In the final analysis that is all academic. There is no need for Parliamentary affirmation. The facts are the facts, no matter how valiant or eloquent the attempt to reinvent them. Trying to achieve closure for the loved ones of the flight crew, however laudable, should not be at the expense of those others, and their loved ones, also closely associated with the Erebus tragedy.

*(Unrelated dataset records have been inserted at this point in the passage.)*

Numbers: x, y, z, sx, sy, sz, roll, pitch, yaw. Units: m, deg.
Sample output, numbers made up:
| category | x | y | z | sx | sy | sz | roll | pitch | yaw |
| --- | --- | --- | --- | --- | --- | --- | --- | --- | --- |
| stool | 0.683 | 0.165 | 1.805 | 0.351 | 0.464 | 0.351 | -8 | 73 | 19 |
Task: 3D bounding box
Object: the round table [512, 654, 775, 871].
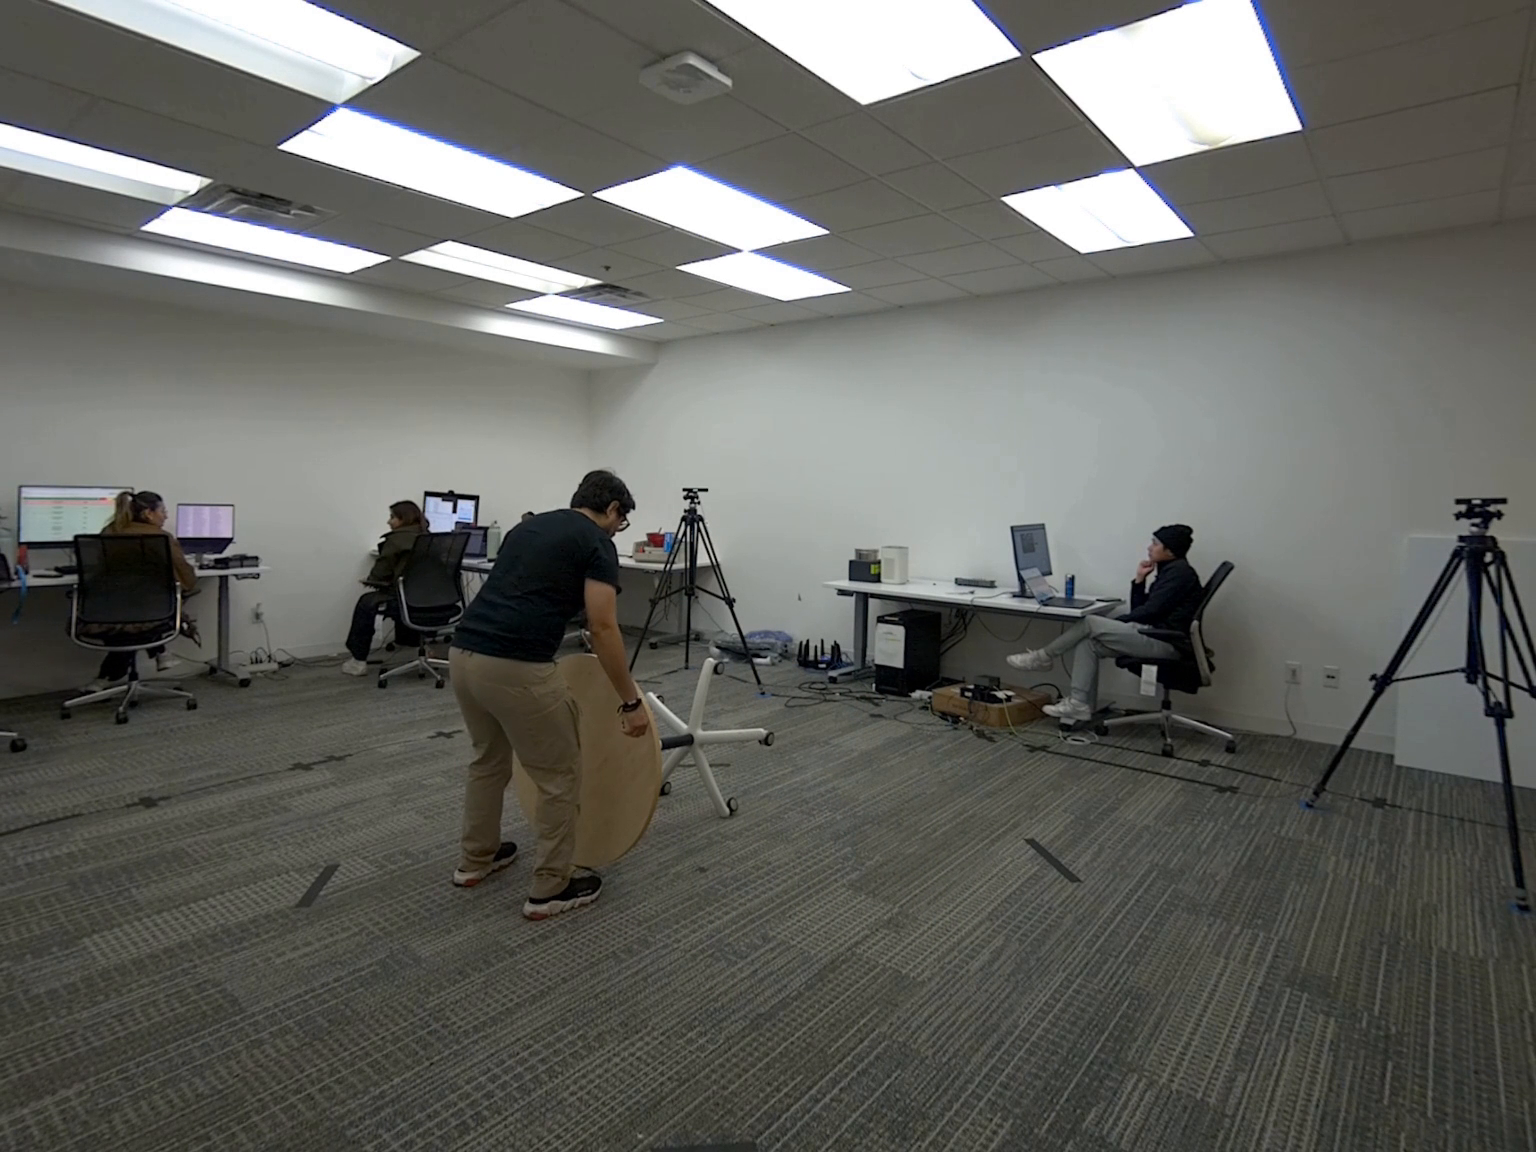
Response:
| category | x | y | z | sx | sy | sz | roll | pitch | yaw |
| --- | --- | --- | --- | --- | --- | --- | --- | --- | --- |
| round table | -0.491 | 0.696 | 3.465 | 0.811 | 0.787 | 0.760 | 4 | -2 | 36 |

It is also inexcusable for Mr Holmes, in support of his cause, to perpetuate the myth that the most senior people in Air New Zealand were involved in a "breathtaking, scandalous, concerted process of cover-ups, coercions, obfuscations and simple bloody lies". The highest courts in the land have debunked those findings as completely without foundation, as did the New Zealand Police, who investigated them very thoroughly, and brought no charges. To maintain the allegations shows a contemptuous disregard of the decisions of the courts and reveals an appalling ignorance of the facts. It is also deeply offensive and hurtful for those still alive, and their families, who were so wrongly condemned by the egregious excesses of the Mahon Report.
Responsibility for the Erebus accident must be left to lie where it rightly falls, however painful that may be. It would be wrong for Parliament to take sides, all the more so were it to align itself with one that so defies objective scrutiny.
* Richard J McGrane was junior counsel for Air New Zealand at the Royal Commission of Inquiry in Erebus and in the subsequent court proceedings.